04.exercise-model-validation【练习:模型验证】

This notebook is an exercise in the Introduction to Machine Learning course. You can reference the tutorial at this link.


Recap

You've built a model. In this exercise you will test how good your model is.

Run the cell below to set up your coding environment where the previous exercise left off.

回顾

你已经建立了一个模型。 在本练习中,您将测试您的模型有多好。

运行下面的单元格来设置上一个练习结束时的编码环境。

# Code you have previously used to load data
import pandas as pd
from sklearn.tree import DecisionTreeRegressor

# Path of the file to read
iowa_file_path = '../input/home-data-for-ml-course/train.csv'

home_data = pd.read_csv(iowa_file_path)
y = home_data.SalePrice
feature_columns = ['LotArea', 'YearBuilt', '1stFlrSF', '2ndFlrSF', 'FullBath', 'BedroomAbvGr', 'TotRmsAbvGrd']
X = home_data[feature_columns]

# Specify Model
iowa_model = DecisionTreeRegressor()
# Fit Model
iowa_model.fit(X, y)

print("First in-sample predictions:", iowa_model.predict(X.head()))
print("Actual target values for those homes:", y.head().tolist())

# Set up code checking
from learntools.core import binder
binder.bind(globals())
from learntools.machine_learning.ex4 import *
print("Setup Complete")
First in-sample predictions: [208500. 181500. 223500. 140000. 250000.]
Actual target values for those homes: [208500, 181500, 223500, 140000, 250000]
Setup Complete

Exercises

练习

Step 1: Split Your Data

Use the train_test_split function to split up your data.

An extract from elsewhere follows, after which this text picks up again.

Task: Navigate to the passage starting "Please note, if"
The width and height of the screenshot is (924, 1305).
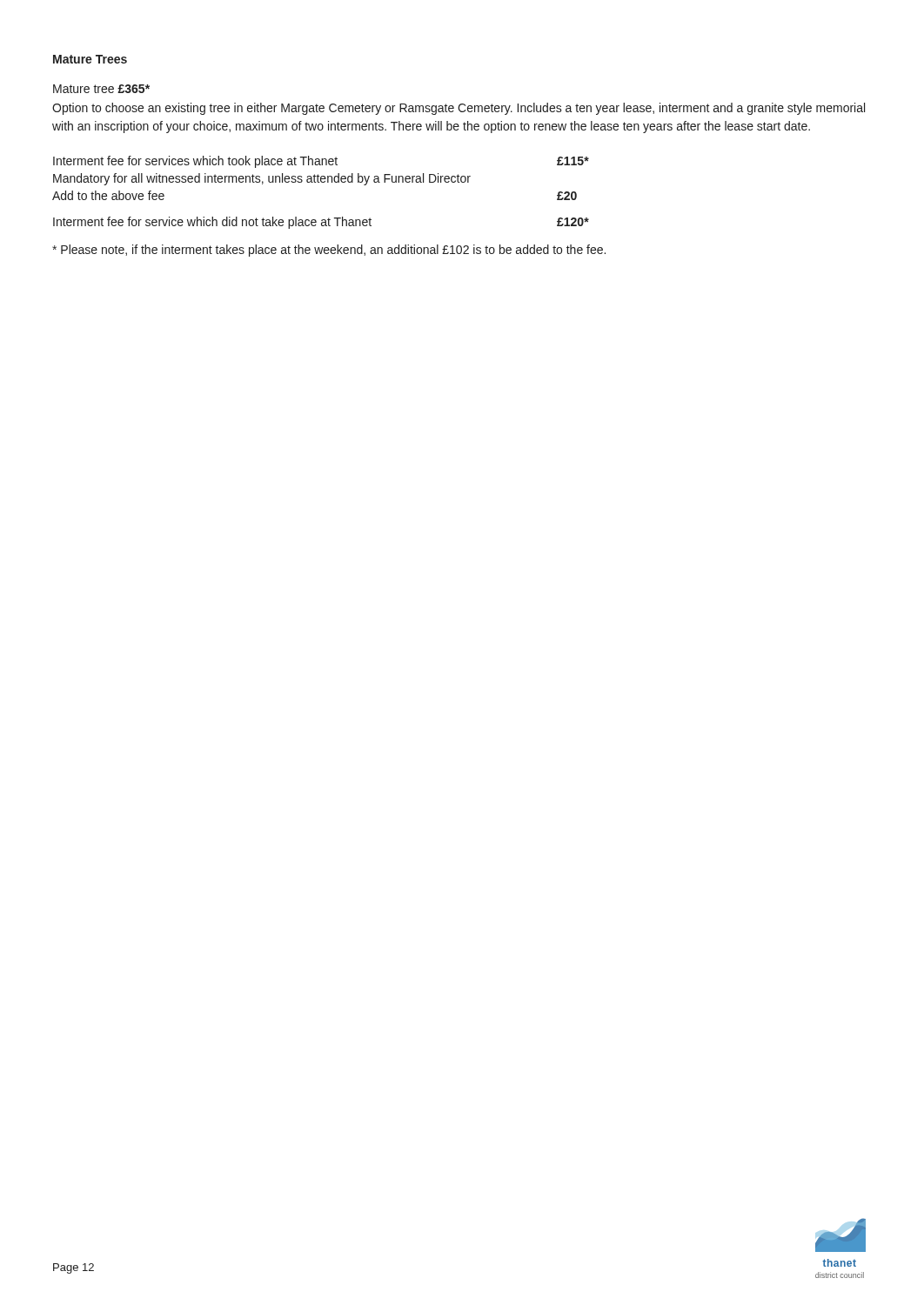Action: coord(329,250)

Give it the argument random_state=1 so the check functions know what to expect when verifying your code.

Recall, your features are loaded in the DataFrame X and your target is loaded in y.

第 1 步:拆分数据

使用train_test_split函数来分割数据。

给它参数random_state=1,这样check函数就知道在验证代码时会发生什么。

回想一下,您的功能加载在 DataFrame X 中,您的目标加载在 y 中。

# Import the train_test_split function and uncomment
# from _ import _

from sklearn.model_selection import train_test_split
# fill in and uncomment
train_X, val_X, train_y, val_y = train_test_split(X, y, random_state=1)

# Check your answer
step_1.check()

Correct

# The lines below will show you a hint or the solution.
# step_1.hint() 
step_1.solution()

Solution:

from sklearn.model_selection import train_test_split
train_X, val_X, train_y, val_y = train_test_split(X, y, random_state=1)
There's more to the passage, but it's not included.